WHAT YOU WILL DO
Take the lines below between the one holding "Answer as a" and the one holding "2) round machined", inclusive, and copy them exactly. Add nothing.

Items from a data source:
-=-=-
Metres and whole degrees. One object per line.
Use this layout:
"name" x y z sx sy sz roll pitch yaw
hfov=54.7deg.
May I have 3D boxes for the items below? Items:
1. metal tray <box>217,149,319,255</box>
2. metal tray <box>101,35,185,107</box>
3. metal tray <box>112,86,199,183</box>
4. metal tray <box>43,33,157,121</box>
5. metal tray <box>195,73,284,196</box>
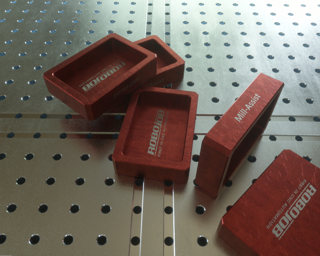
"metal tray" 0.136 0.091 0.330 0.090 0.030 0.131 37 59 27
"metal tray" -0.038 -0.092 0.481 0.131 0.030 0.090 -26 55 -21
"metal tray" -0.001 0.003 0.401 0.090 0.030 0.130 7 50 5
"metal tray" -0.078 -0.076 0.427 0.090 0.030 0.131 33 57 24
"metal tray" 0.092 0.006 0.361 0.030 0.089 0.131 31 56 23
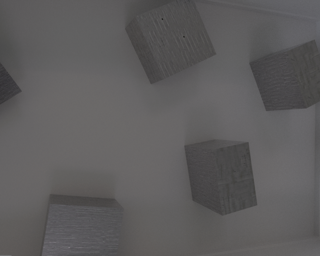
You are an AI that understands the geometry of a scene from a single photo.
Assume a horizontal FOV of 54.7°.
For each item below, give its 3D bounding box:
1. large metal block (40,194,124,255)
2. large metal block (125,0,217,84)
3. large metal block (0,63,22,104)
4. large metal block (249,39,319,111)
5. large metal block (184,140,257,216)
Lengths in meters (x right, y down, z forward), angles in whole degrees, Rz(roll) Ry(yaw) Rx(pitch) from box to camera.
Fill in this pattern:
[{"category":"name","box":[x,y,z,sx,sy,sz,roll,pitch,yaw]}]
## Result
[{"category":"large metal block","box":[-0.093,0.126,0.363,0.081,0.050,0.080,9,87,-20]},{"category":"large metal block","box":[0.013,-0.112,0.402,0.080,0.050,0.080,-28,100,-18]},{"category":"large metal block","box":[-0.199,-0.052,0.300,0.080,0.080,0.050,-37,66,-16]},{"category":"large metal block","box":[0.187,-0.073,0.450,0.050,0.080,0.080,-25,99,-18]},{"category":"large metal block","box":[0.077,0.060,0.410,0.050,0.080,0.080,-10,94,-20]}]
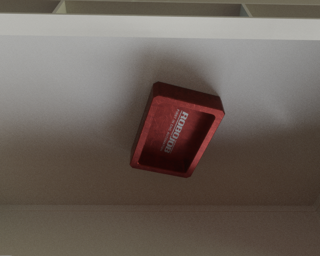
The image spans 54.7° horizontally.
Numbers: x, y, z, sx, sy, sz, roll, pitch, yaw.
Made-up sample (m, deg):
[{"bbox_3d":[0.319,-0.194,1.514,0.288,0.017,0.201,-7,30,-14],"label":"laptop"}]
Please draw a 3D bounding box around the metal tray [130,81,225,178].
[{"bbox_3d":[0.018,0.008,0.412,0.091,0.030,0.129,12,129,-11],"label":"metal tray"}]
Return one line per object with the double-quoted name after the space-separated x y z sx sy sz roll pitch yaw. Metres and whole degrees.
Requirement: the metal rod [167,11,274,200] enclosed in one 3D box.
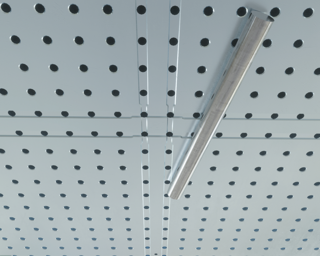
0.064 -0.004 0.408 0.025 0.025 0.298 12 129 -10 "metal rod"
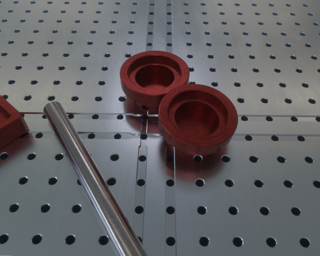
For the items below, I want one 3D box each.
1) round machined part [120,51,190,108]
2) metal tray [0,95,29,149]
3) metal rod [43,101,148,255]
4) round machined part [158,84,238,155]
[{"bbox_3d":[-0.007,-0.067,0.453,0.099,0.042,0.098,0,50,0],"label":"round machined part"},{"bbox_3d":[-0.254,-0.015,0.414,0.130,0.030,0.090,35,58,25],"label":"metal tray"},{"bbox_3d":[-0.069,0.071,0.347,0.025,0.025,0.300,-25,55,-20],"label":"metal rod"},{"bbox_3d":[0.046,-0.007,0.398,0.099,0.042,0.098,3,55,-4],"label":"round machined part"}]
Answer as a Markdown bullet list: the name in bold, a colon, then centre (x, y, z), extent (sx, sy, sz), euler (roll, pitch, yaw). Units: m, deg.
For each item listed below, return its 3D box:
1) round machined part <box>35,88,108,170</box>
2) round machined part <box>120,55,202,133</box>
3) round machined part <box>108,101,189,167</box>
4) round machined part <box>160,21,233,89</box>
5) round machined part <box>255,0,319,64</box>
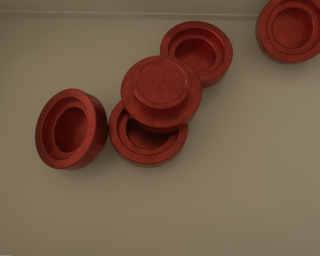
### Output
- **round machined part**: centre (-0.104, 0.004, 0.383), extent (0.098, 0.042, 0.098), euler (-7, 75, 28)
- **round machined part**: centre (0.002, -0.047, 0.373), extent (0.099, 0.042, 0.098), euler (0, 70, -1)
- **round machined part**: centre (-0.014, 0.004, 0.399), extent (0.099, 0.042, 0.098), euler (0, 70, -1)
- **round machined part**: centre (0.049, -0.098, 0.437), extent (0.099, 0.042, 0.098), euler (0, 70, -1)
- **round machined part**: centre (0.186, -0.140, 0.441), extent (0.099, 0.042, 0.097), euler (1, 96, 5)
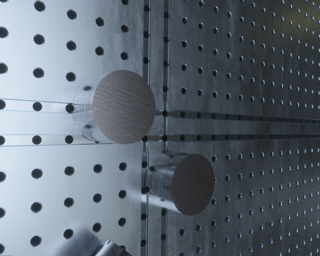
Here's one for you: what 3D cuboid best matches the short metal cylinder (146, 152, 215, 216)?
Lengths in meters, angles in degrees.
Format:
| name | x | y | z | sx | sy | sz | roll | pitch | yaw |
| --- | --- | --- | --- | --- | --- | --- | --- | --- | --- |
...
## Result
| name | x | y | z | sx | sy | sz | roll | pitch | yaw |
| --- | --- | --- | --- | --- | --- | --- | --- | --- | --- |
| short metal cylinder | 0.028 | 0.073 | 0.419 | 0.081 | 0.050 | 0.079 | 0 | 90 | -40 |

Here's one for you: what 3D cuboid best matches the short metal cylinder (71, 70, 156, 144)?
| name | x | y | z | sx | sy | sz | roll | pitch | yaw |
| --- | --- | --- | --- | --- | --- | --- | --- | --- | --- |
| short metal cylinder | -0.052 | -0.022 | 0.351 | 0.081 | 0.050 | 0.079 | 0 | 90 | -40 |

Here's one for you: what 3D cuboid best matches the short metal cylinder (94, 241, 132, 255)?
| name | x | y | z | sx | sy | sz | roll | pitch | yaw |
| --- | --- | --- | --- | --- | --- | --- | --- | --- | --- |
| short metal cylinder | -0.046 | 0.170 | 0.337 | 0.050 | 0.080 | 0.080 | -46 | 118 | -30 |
-=-=-
ANSWER TO THIS TASK
Answer as a Markdown bullet list: the name in bold, a colon, then centre (x, y, z), extent (sx, sy, sz), euler (roll, pitch, yaw). Units: m, deg.
For each item listed below, return its 3D box:
1) round machined part <box>35,88,108,170</box>
2) round machined part <box>120,55,202,133</box>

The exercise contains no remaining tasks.